朔也はベッドを押す人々の後について走り、手術室の入り口までついていった。

「ご家族の方はここでお待ちください!」

看護師が振り返り、朔也を止めようとした。

朔也は必死で看護師の手を掴んだ。「どうか、彼女を助けてください!絶対に助けてください!」

「全力を尽くしますので、落ち着いてください!」

看護師はそう言って、朔也の手を振りほどいて手術室に入った。

ドアが閉じると、朔也は紀美子の血で汚れた手で髪を掻いた。

彼は彼女が物資を届けるのを止めなければならなかった!

なぜもっと強く止めなかったのか?

もし自分が止めていたら、こんなことは起こるはずがない!

もし紀美子に何かあったら、自分は決して許さない!

考えていると、ポケットの携帯電話が鳴った。

朔也は震える手で電話を取り出し、画面を見た。

佳世子からの電話だと気づき、震える手で何度も画面をタップしてようやく通話ボタンを押した。

朔也は涙を堪えながら、「もしもし?」と聞いた。

「僕だ、晋太郎だ!」晋太郎の冷たい声が電話から響いた。

朔也は一瞬戸惑った。
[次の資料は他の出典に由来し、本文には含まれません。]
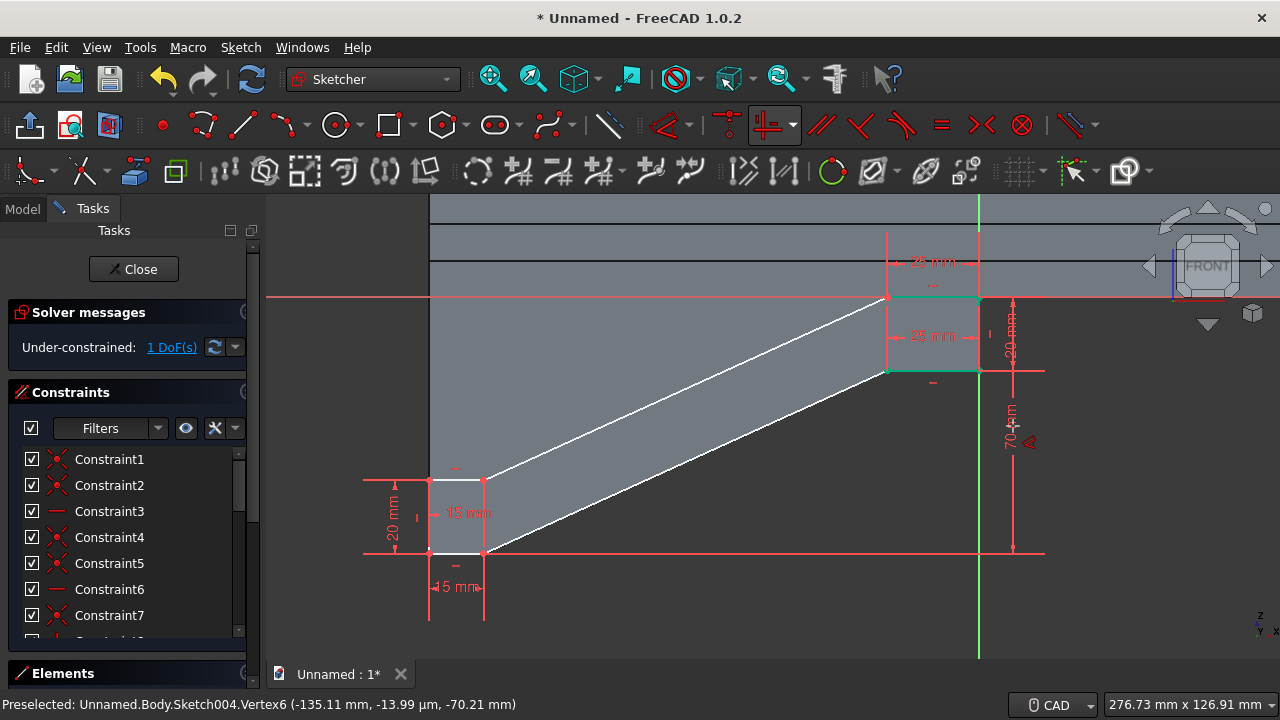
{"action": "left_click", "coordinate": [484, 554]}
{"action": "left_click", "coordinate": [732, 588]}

「どうして佳世子さんの携帯で僕に電話してるの……」

晋太郎の声には焦りと不安が含まれていた。「紀美子の状況はどうだ?」

その言葉を聞くと、朔也はまた泣き声を上げた。

「とてもひどい状態だ。全身が血で汚れている。詳細はまだわからないが、今手術室に入ったところだ」

晋太郎は朔也の言葉を聞いて、胸が激しく痛み、目の前が真っ暗になった。

「医者たちに絶対に紀美子を助けさせろ!どんな犠牲を払ってでも助けさせろ!」

朔也は返した。「分かってる!分かってる!」

「彼女の側にいてくれ、すぐに向かう!」

「分かった、待ってる」

午後3時半。

晋太郎と佳世子は最速のスピードで病院に到着した。

ドアを開けたとき、隣にも一台車が停まった。

翔太は車から出て、そのまま手術室に向かって走った。

まるで晋太郎と佳世子に気づかないかのように。

晋太郎の顔色はさらに悪くなった。

翔太の姿を見て、自分がここにいる資格がないと感じた。